- [WHAT NEEDS TO BE DONE]:
Which of the lines below holds the string "this"? Copy every line that does.

- [RECORDS SUPPLIED]:
▬▬▬

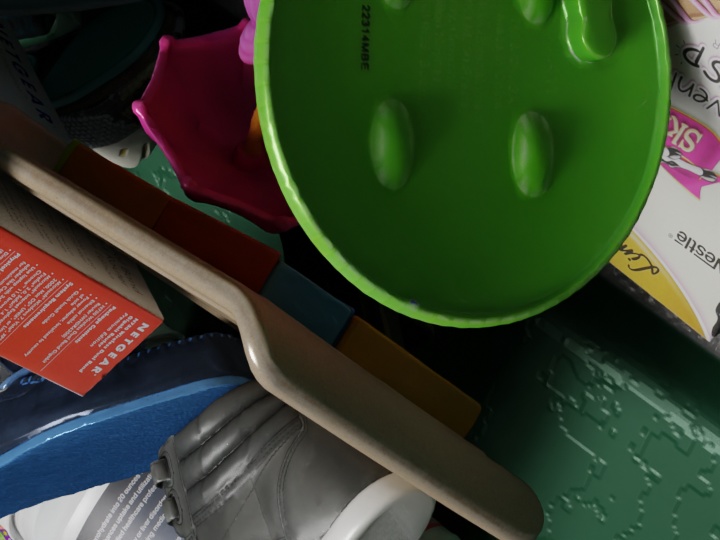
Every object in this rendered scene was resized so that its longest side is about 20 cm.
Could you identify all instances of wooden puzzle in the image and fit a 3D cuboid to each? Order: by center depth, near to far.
[{"bbox_3d":[-0.034,0.014,0.723,0.200,0.037,0.185,36,179,44],"label":"wooden puzzle"}]

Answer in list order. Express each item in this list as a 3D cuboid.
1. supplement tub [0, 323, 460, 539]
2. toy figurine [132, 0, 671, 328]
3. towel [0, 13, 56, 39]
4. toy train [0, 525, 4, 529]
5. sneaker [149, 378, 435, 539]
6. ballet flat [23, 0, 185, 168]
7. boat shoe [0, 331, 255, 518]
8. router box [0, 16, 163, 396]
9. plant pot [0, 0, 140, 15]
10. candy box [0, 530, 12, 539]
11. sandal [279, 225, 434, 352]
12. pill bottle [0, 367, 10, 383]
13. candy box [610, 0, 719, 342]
[{"bbox_3d":[-0.061,0.128,0.911,0.199,0.140,0.141,37,137,18],"label":"supplement tub"},{"bbox_3d":[-0.010,-0.085,0.660,0.184,0.149,0.202,2,91,59],"label":"toy figurine"},{"bbox_3d":[-0.227,-0.176,0.939,0.199,0.022,0.148,1,110,42],"label":"towel"},{"bbox_3d":[-0.234,0.111,1.004,0.199,0.149,0.056,-10,90,60],"label":"toy train"},{"bbox_3d":[-0.058,0.129,0.804,0.099,0.070,0.201,47,112,30],"label":"sneaker"},{"bbox_3d":[-0.129,-0.076,0.905,0.199,0.072,0.073,-9,110,46],"label":"ballet flat"},{"bbox_3d":[-0.138,0.055,0.834,0.198,0.084,0.069,-18,64,16],"label":"boat shoe"},{"bbox_3d":[-0.181,-0.063,0.762,0.049,0.179,0.201,-42,52,12],"label":"router box"},{"bbox_3d":[-0.110,-0.193,0.720,0.200,0.199,0.136,-22,74,49],"label":"plant pot"},{"bbox_3d":[-0.192,0.152,1.140,0.102,0.026,0.202,-4,114,41],"label":"candy box"},{"bbox_3d":[0.000,0.000,0.831,0.081,0.054,0.202,19,129,53],"label":"sandal"},{"bbox_3d":[-0.211,0.021,0.980,0.199,0.114,0.115,-10,111,56],"label":"pill bottle"},{"bbox_3d":[0.115,-0.093,0.652,0.136,0.061,0.201,39,138,18],"label":"candy box"}]

▬▬▬

- [EXERCISE RESPONSE]:
Every object in this rendered scene was resized so that its longest side is about 20 cm.
Answer in list order. Express each item in this list as a 3D cuboid.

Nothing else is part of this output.